The good news is that they do it all right. The burgers are big, bold and juicy, and of course you couldn’t make a better choice than plopping them down on those fabulous Costanzo’s rolls. I’m not sure what exactly it is about them that separates them from the “average” bun, but whatever it is, people notice. I’ve had visitors from out of town who had never before had the pleasure, and they immediately remark about the quality of the Costanzo’s rolls. It does make that much of a difference.
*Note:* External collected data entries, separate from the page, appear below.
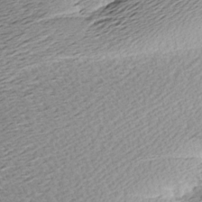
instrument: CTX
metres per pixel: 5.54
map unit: Aa
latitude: 8.1767
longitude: -141.5371
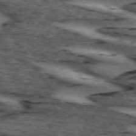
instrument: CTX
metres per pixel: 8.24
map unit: lApd
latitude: 74.0822
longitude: -75.1970
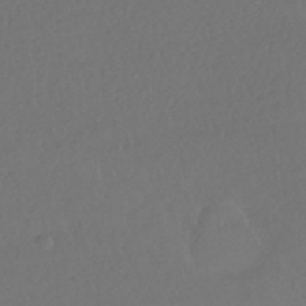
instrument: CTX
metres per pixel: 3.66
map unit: HNhu
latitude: -41.5399
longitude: 97.5210
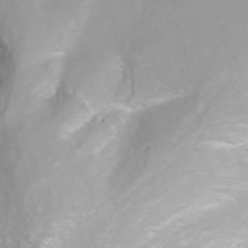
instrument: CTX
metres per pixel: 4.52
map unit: ANa
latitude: 40.1010
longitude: 23.2187
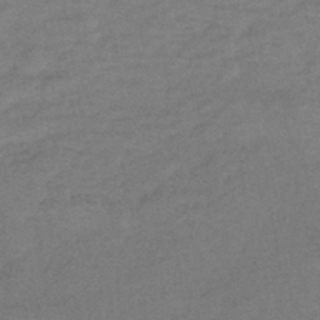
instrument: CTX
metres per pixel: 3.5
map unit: eHb
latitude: -43.1998
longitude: 85.9178
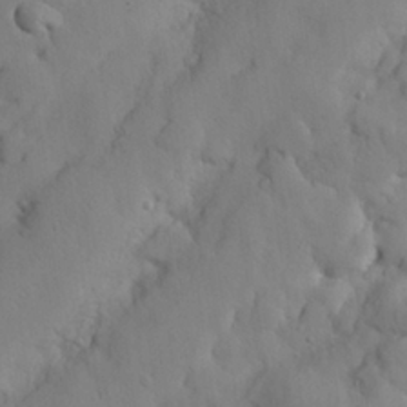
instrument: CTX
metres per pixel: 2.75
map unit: Nhu
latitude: 26.1200
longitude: -72.4412
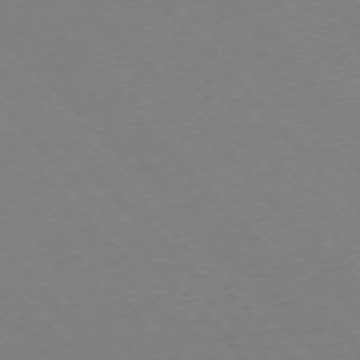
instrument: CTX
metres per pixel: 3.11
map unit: Ap
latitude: -76.1417
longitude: -86.1011

As far as hot dogs go, folks take sides in support of Wardynski’s or Sahlen’s, each locally produced, and those who favor one over the other normally do so with great vigor. Again, the differences are subtle, but the natural casings are one thing that sets them apart. And they just seem to cook up so, well, tastefully – especially over a gas grill or, better yet, charcoal. Wardynski’s was a good choice, and Lumberjack’s serves them on a toasted bun that somehow manages to improve on the experience even more.

The DiRuss sweet sausage (at $5.95 the most expensive item on the menu, along with the fish fry sandwich and the cheeseburger) was delightfully mild but should be complemented with any of the many tasty “hot” Italian sausages made locally. Again, it’s a personal preference thing, but I would take hot sausage over sweet any day. Suggestion: Melloni’s of Lewiston would make a great addition to the menu.

The sautéed peppers and onions served on the sausage were a little overdone on our visit, rendering them soggy and kind of tasteless. That doesn’t add anything to the sandwich.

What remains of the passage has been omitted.